# Exercise data
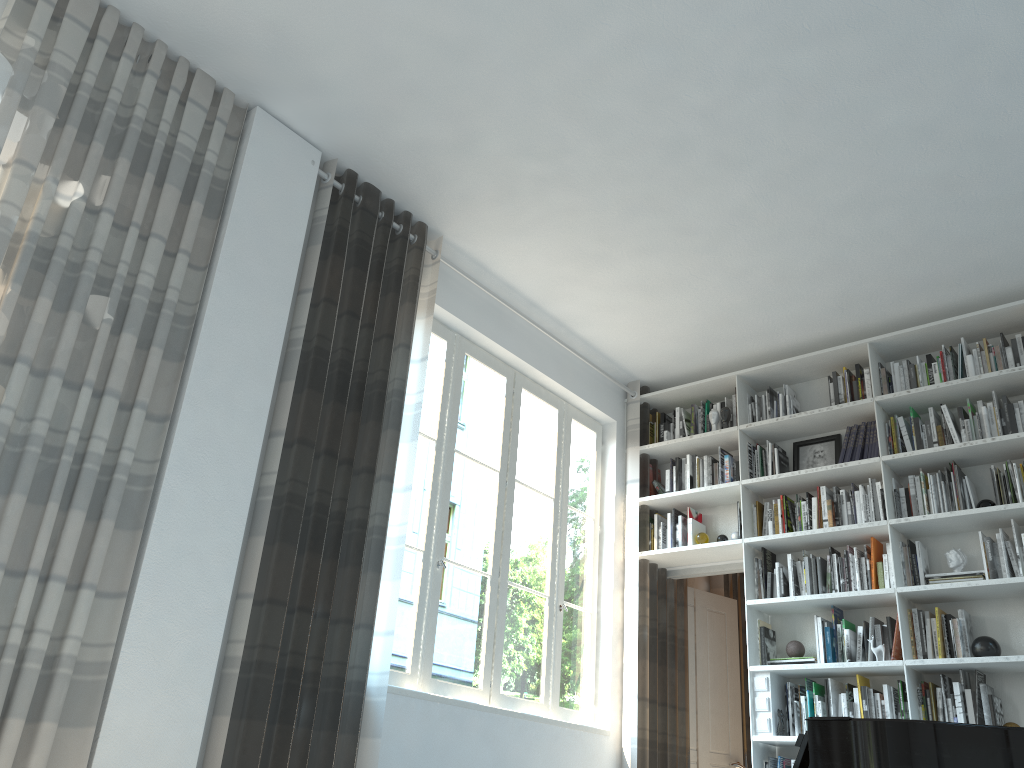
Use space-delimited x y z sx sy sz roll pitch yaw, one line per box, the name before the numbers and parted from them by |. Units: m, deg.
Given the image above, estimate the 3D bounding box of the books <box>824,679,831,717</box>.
books | 1.738 1.761 4.781 0.019 0.299 0.180 -16 -32 36

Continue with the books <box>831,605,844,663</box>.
books | 1.823 1.414 4.930 0.011 0.334 0.154 -16 -32 36

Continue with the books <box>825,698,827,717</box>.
books | 1.736 1.811 4.805 0.016 0.229 0.136 -16 -32 36

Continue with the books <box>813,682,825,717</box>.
books | 1.682 1.782 4.817 0.007 0.285 0.183 -16 -32 36

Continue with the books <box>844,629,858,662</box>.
books | 1.863 1.449 4.828 0.029 0.189 0.189 -16 -32 36

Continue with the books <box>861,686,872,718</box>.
books | 1.890 1.736 4.660 0.028 0.259 0.181 -16 -32 36

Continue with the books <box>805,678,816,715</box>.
books | 1.651 1.787 4.867 0.007 0.313 0.146 -16 -32 36

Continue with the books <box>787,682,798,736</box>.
books | 1.578 1.820 4.921 0.014 0.293 0.172 -16 -32 36

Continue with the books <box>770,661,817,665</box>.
books | 1.613 1.592 5.016 0.254 0.012 0.161 -14 -31 33

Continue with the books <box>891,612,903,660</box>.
books | 2.062 1.345 4.681 0.082 0.275 0.229 -16 -32 36

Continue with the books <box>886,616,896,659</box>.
books | 2.046 1.383 4.733 0.021 0.250 0.154 -16 -32 36

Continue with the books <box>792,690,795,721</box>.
books | 1.596 1.835 4.908 0.022 0.256 0.142 -16 -32 36

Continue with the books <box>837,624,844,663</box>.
books | 1.839 1.459 4.900 0.031 0.230 0.148 -16 -32 36

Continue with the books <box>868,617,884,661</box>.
books | 1.966 1.401 4.788 0.060 0.254 0.159 -16 -32 36

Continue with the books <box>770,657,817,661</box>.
books | 1.618 1.571 5.029 0.254 0.012 0.161 -17 -33 37

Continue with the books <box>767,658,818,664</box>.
books | 1.612 1.580 5.019 0.285 0.012 0.160 -19 -34 39

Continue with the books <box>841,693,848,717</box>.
books | 1.806 1.780 4.728 0.027 0.229 0.159 -16 -32 36

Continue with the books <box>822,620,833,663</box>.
books | 1.778 1.460 4.940 0.031 0.254 0.143 -16 -32 36

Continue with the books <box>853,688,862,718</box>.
books | 1.861 1.753 4.693 0.026 0.253 0.177 -16 -32 36

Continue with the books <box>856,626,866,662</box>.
books | 1.918 1.441 4.831 0.056 0.213 0.143 -16 -32 36

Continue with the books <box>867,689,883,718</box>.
books | 1.914 1.737 4.644 0.028 0.248 0.159 -16 -32 36

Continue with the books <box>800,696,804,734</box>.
books | 1.630 1.838 4.863 0.015 0.217 0.177 -16 -32 36

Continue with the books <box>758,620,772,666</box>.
books | 1.482 1.535 5.176 0.012 0.283 0.160 -16 -32 36

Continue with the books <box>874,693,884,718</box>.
books | 1.943 1.745 4.634 0.025 0.228 0.153 -16 -32 36

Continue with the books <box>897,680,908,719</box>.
books | 2.033 1.683 4.557 0.014 0.285 0.180 -16 -32 36

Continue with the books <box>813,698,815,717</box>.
books | 1.683 1.832 4.836 0.016 0.210 0.146 -16 -32 36

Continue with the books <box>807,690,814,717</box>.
books | 1.655 1.808 4.828 0.009 0.243 0.185 -16 -32 36

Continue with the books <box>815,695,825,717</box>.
books | 1.692 1.812 4.801 0.015 0.218 0.190 -16 -32 36

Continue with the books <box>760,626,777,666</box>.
books | 1.490 1.546 5.149 0.028 0.242 0.157 -16 -32 36

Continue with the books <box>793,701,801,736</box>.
books | 1.593 1.846 4.853 0.019 0.188 0.194 -16 -32 36

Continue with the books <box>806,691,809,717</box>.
books | 1.655 1.817 4.844 0.014 0.242 0.171 -16 -32 36

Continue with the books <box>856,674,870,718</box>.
books | 1.878 1.717 4.693 0.021 0.321 0.172 -16 -32 36

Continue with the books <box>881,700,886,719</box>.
books | 1.963 1.757 4.615 0.023 0.193 0.140 -16 -32 36

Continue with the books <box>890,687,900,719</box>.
books | 2.002 1.715 4.597 0.013 0.259 0.143 -16 -32 36

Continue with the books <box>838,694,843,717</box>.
books | 1.788 1.794 4.761 0.045 0.229 0.138 -16 -32 36

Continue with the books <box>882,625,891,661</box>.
books | 2.024 1.406 4.737 0.027 0.208 0.144 -16 -32 36

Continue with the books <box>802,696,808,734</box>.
books | 1.633 1.830 4.846 0.015 0.216 0.180 -16 -32 36

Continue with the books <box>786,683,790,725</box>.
books | 1.570 1.828 4.934 0.017 0.288 0.153 -16 -32 36

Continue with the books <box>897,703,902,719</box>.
books | 2.020 1.744 4.565 0.041 0.180 0.142 -16 -32 36

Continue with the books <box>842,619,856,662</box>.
books | 1.858 1.431 4.862 0.011 0.249 0.172 -16 -32 36

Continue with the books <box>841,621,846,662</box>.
books | 1.856 1.443 4.884 0.022 0.247 0.129 -16 -32 36

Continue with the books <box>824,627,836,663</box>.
books | 1.782 1.463 4.892 0.029 0.207 0.190 -16 -32 36

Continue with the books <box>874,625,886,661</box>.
books | 1.995 1.410 4.746 0.030 0.206 0.173 -16 -32 36

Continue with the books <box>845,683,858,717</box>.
books | 1.823 1.751 4.726 0.014 0.280 0.150 -16 -32 36

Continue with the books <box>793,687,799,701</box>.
books | 1.596 1.822 4.888 0.007 0.263 0.177 -16 -32 36

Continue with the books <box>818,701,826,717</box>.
books | 1.701 1.820 4.782 0.016 0.188 0.184 -16 -32 36

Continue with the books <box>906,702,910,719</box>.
books | 2.064 1.736 4.548 0.023 0.186 0.130 -16 -32 36

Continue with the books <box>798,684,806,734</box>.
books | 1.619 1.810 4.879 0.008 0.278 0.165 -16 -32 36

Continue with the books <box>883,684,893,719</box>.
books | 1.977 1.709 4.595 0.021 0.264 0.186 -16 -32 36

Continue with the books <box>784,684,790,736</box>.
books | 1.562 1.833 4.941 0.008 0.283 0.160 -16 -32 36

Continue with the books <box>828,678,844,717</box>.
books | 1.757 1.759 4.781 0.012 0.305 0.190 -16 -32 36

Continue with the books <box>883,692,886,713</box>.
books | 1.975 1.728 4.613 0.010 0.245 0.160 -16 -32 36

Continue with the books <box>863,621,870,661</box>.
books | 1.946 1.421 4.817 0.013 0.240 0.142 -16 -32 36

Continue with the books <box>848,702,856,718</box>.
books | 1.830 1.788 4.686 0.029 0.180 0.190 -16 -32 36

# Task instructions
Your task is to transcribe all of the records precisely, with no images included.

# Answer area
Use space-delimited x y z sx sy sz roll pitch yaw, one line per box, the name before the numbers and parted from them by |. Units: m, deg.
Given the image above, estimate the 3D bounding box of the books <box>824,679,831,717</box>.
books | 1.738 1.761 4.781 0.019 0.299 0.180 -16 -32 36

Continue with the books <box>831,605,844,663</box>.
books | 1.823 1.414 4.930 0.011 0.334 0.154 -16 -32 36

Continue with the books <box>825,698,827,717</box>.
books | 1.736 1.811 4.805 0.016 0.229 0.136 -16 -32 36

Continue with the books <box>813,682,825,717</box>.
books | 1.682 1.782 4.817 0.007 0.285 0.183 -16 -32 36

Continue with the books <box>844,629,858,662</box>.
books | 1.863 1.449 4.828 0.029 0.189 0.189 -16 -32 36

Continue with the books <box>861,686,872,718</box>.
books | 1.890 1.736 4.660 0.028 0.259 0.181 -16 -32 36

Continue with the books <box>805,678,816,715</box>.
books | 1.651 1.787 4.867 0.007 0.313 0.146 -16 -32 36

Continue with the books <box>787,682,798,736</box>.
books | 1.578 1.820 4.921 0.014 0.293 0.172 -16 -32 36

Continue with the books <box>770,661,817,665</box>.
books | 1.613 1.592 5.016 0.254 0.012 0.161 -14 -31 33

Continue with the books <box>891,612,903,660</box>.
books | 2.062 1.345 4.681 0.082 0.275 0.229 -16 -32 36

Continue with the books <box>886,616,896,659</box>.
books | 2.046 1.383 4.733 0.021 0.250 0.154 -16 -32 36

Continue with the books <box>792,690,795,721</box>.
books | 1.596 1.835 4.908 0.022 0.256 0.142 -16 -32 36

Continue with the books <box>837,624,844,663</box>.
books | 1.839 1.459 4.900 0.031 0.230 0.148 -16 -32 36

Continue with the books <box>868,617,884,661</box>.
books | 1.966 1.401 4.788 0.060 0.254 0.159 -16 -32 36

Continue with the books <box>770,657,817,661</box>.
books | 1.618 1.571 5.029 0.254 0.012 0.161 -17 -33 37

Continue with the books <box>767,658,818,664</box>.
books | 1.612 1.580 5.019 0.285 0.012 0.160 -19 -34 39

Continue with the books <box>841,693,848,717</box>.
books | 1.806 1.780 4.728 0.027 0.229 0.159 -16 -32 36

Continue with the books <box>822,620,833,663</box>.
books | 1.778 1.460 4.940 0.031 0.254 0.143 -16 -32 36

Continue with the books <box>853,688,862,718</box>.
books | 1.861 1.753 4.693 0.026 0.253 0.177 -16 -32 36

Continue with the books <box>856,626,866,662</box>.
books | 1.918 1.441 4.831 0.056 0.213 0.143 -16 -32 36

Continue with the books <box>867,689,883,718</box>.
books | 1.914 1.737 4.644 0.028 0.248 0.159 -16 -32 36

Continue with the books <box>800,696,804,734</box>.
books | 1.630 1.838 4.863 0.015 0.217 0.177 -16 -32 36

Continue with the books <box>758,620,772,666</box>.
books | 1.482 1.535 5.176 0.012 0.283 0.160 -16 -32 36

Continue with the books <box>874,693,884,718</box>.
books | 1.943 1.745 4.634 0.025 0.228 0.153 -16 -32 36

Continue with the books <box>897,680,908,719</box>.
books | 2.033 1.683 4.557 0.014 0.285 0.180 -16 -32 36

Continue with the books <box>813,698,815,717</box>.
books | 1.683 1.832 4.836 0.016 0.210 0.146 -16 -32 36

Continue with the books <box>807,690,814,717</box>.
books | 1.655 1.808 4.828 0.009 0.243 0.185 -16 -32 36

Continue with the books <box>815,695,825,717</box>.
books | 1.692 1.812 4.801 0.015 0.218 0.190 -16 -32 36

Continue with the books <box>760,626,777,666</box>.
books | 1.490 1.546 5.149 0.028 0.242 0.157 -16 -32 36

Continue with the books <box>793,701,801,736</box>.
books | 1.593 1.846 4.853 0.019 0.188 0.194 -16 -32 36

Continue with the books <box>806,691,809,717</box>.
books | 1.655 1.817 4.844 0.014 0.242 0.171 -16 -32 36

Continue with the books <box>856,674,870,718</box>.
books | 1.878 1.717 4.693 0.021 0.321 0.172 -16 -32 36

Continue with the books <box>881,700,886,719</box>.
books | 1.963 1.757 4.615 0.023 0.193 0.140 -16 -32 36

Continue with the books <box>890,687,900,719</box>.
books | 2.002 1.715 4.597 0.013 0.259 0.143 -16 -32 36

Continue with the books <box>838,694,843,717</box>.
books | 1.788 1.794 4.761 0.045 0.229 0.138 -16 -32 36

Continue with the books <box>882,625,891,661</box>.
books | 2.024 1.406 4.737 0.027 0.208 0.144 -16 -32 36

Continue with the books <box>802,696,808,734</box>.
books | 1.633 1.830 4.846 0.015 0.216 0.180 -16 -32 36

Continue with the books <box>786,683,790,725</box>.
books | 1.570 1.828 4.934 0.017 0.288 0.153 -16 -32 36

Continue with the books <box>897,703,902,719</box>.
books | 2.020 1.744 4.565 0.041 0.180 0.142 -16 -32 36

Continue with the books <box>842,619,856,662</box>.
books | 1.858 1.431 4.862 0.011 0.249 0.172 -16 -32 36

Continue with the books <box>841,621,846,662</box>.
books | 1.856 1.443 4.884 0.022 0.247 0.129 -16 -32 36

Continue with the books <box>824,627,836,663</box>.
books | 1.782 1.463 4.892 0.029 0.207 0.190 -16 -32 36

Continue with the books <box>874,625,886,661</box>.
books | 1.995 1.410 4.746 0.030 0.206 0.173 -16 -32 36

Continue with the books <box>845,683,858,717</box>.
books | 1.823 1.751 4.726 0.014 0.280 0.150 -16 -32 36

Continue with the books <box>793,687,799,701</box>.
books | 1.596 1.822 4.888 0.007 0.263 0.177 -16 -32 36

Continue with the books <box>818,701,826,717</box>.
books | 1.701 1.820 4.782 0.016 0.188 0.184 -16 -32 36

Continue with the books <box>906,702,910,719</box>.
books | 2.064 1.736 4.548 0.023 0.186 0.130 -16 -32 36

Continue with the books <box>798,684,806,734</box>.
books | 1.619 1.810 4.879 0.008 0.278 0.165 -16 -32 36

Continue with the books <box>883,684,893,719</box>.
books | 1.977 1.709 4.595 0.021 0.264 0.186 -16 -32 36

Continue with the books <box>784,684,790,736</box>.
books | 1.562 1.833 4.941 0.008 0.283 0.160 -16 -32 36

Continue with the books <box>828,678,844,717</box>.
books | 1.757 1.759 4.781 0.012 0.305 0.190 -16 -32 36

Continue with the books <box>883,692,886,713</box>.
books | 1.975 1.728 4.613 0.010 0.245 0.160 -16 -32 36

Continue with the books <box>863,621,870,661</box>.
books | 1.946 1.421 4.817 0.013 0.240 0.142 -16 -32 36

Continue with the books <box>848,702,856,718</box>.
books | 1.830 1.788 4.686 0.029 0.180 0.190 -16 -32 36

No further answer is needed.